## [Your objective]
At the line containing "Answer in list", begin repeating lines exactly, and stop only after the final line of the records below.

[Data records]
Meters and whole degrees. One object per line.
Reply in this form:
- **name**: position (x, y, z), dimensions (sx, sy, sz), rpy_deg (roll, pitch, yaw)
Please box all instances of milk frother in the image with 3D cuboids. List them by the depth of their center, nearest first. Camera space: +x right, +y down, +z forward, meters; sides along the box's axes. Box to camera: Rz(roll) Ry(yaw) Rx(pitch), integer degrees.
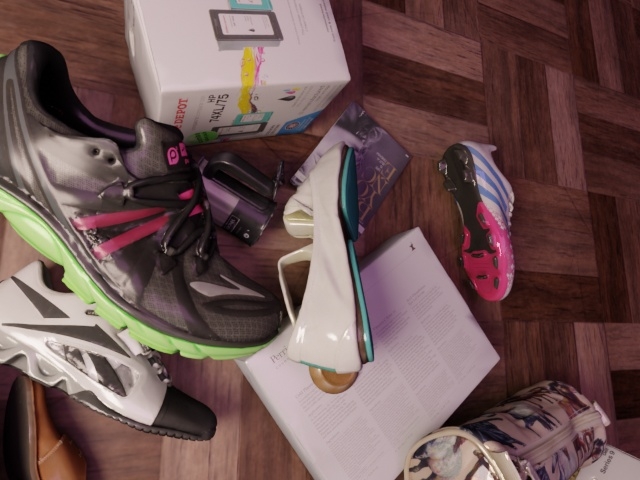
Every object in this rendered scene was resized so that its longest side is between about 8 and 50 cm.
- **milk frother**: position (-0.131, -0.088, 0.673), dimensions (0.134, 0.129, 0.143), rpy_deg (32, 25, -16)

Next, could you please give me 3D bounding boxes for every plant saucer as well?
- **plant saucer**: position (0.024, 0.182, 0.618), dimensions (0.083, 0.015, 0.084), rpy_deg (5, 77, -22)

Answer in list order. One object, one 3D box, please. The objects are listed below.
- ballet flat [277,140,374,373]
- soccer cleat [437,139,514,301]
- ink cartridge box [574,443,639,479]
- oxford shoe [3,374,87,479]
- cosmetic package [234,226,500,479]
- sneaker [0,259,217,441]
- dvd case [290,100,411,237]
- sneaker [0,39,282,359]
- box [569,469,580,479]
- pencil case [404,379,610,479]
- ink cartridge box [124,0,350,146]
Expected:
- **ballet flat**: position (0.000, 0.000, 0.640), dimensions (0.139, 0.139, 0.401), rpy_deg (15, 51, -21)
- **soccer cleat**: position (0.348, -0.049, 0.859), dimensions (0.143, 0.116, 0.332), rpy_deg (-9, 83, -25)
- **ink cartridge box**: position (0.595, 0.558, 0.804), dimensions (0.289, 0.121, 0.211), rpy_deg (43, 74, -24)
- **oxford shoe**: position (-0.336, 0.268, 0.523), dimensions (0.076, 0.076, 0.213), rpy_deg (-4, 77, -55)
- **cosmetic package**: position (0.093, 0.195, 0.705), dimensions (0.377, 0.097, 0.285), rpy_deg (-34, 96, -26)
- **sneaker**: position (-0.259, 0.138, 0.541), dimensions (0.330, 0.122, 0.146), rpy_deg (33, 63, -11)
- **dvd case**: position (0.065, -0.138, 0.803), dimensions (0.164, 0.018, 0.221), rpy_deg (40, 67, -12)
- **sneaker**: position (-0.214, -0.032, 0.519), dimensions (0.202, 0.185, 0.483), rpy_deg (-44, 108, 6)
- **box**: position (0.409, 0.478, 0.809), dimensions (0.323, 0.063, 0.067), rpy_deg (-14, 86, -26)
- **pencil case**: position (0.327, 0.342, 0.690), dimensions (0.409, 0.183, 0.160), rpy_deg (3, 66, -42)
- **ink cartridge box**: position (-0.135, -0.278, 0.641), dimensions (0.269, 0.198, 0.198), rpy_deg (-14, 86, -25)

## [Expected answer]
Answer in list order. One object, one 3D box, please. The objects are listed below.
- ballet flat [277,140,374,373]
- soccer cleat [437,139,514,301]
- ink cartridge box [574,443,639,479]
- oxford shoe [3,374,87,479]
- cosmetic package [234,226,500,479]
- sneaker [0,259,217,441]
- dvd case [290,100,411,237]
- sneaker [0,39,282,359]
- box [569,469,580,479]
- pencil case [404,379,610,479]
- ink cartridge box [124,0,350,146]
Expected:
- **ballet flat**: position (0.000, 0.000, 0.640), dimensions (0.139, 0.139, 0.401), rpy_deg (15, 51, -21)
- **soccer cleat**: position (0.348, -0.049, 0.859), dimensions (0.143, 0.116, 0.332), rpy_deg (-9, 83, -25)
- **ink cartridge box**: position (0.595, 0.558, 0.804), dimensions (0.289, 0.121, 0.211), rpy_deg (43, 74, -24)
- **oxford shoe**: position (-0.336, 0.268, 0.523), dimensions (0.076, 0.076, 0.213), rpy_deg (-4, 77, -55)
- **cosmetic package**: position (0.093, 0.195, 0.705), dimensions (0.377, 0.097, 0.285), rpy_deg (-34, 96, -26)
- **sneaker**: position (-0.259, 0.138, 0.541), dimensions (0.330, 0.122, 0.146), rpy_deg (33, 63, -11)
- **dvd case**: position (0.065, -0.138, 0.803), dimensions (0.164, 0.018, 0.221), rpy_deg (40, 67, -12)
- **sneaker**: position (-0.214, -0.032, 0.519), dimensions (0.202, 0.185, 0.483), rpy_deg (-44, 108, 6)
- **box**: position (0.409, 0.478, 0.809), dimensions (0.323, 0.063, 0.067), rpy_deg (-14, 86, -26)
- **pencil case**: position (0.327, 0.342, 0.690), dimensions (0.409, 0.183, 0.160), rpy_deg (3, 66, -42)
- **ink cartridge box**: position (-0.135, -0.278, 0.641), dimensions (0.269, 0.198, 0.198), rpy_deg (-14, 86, -25)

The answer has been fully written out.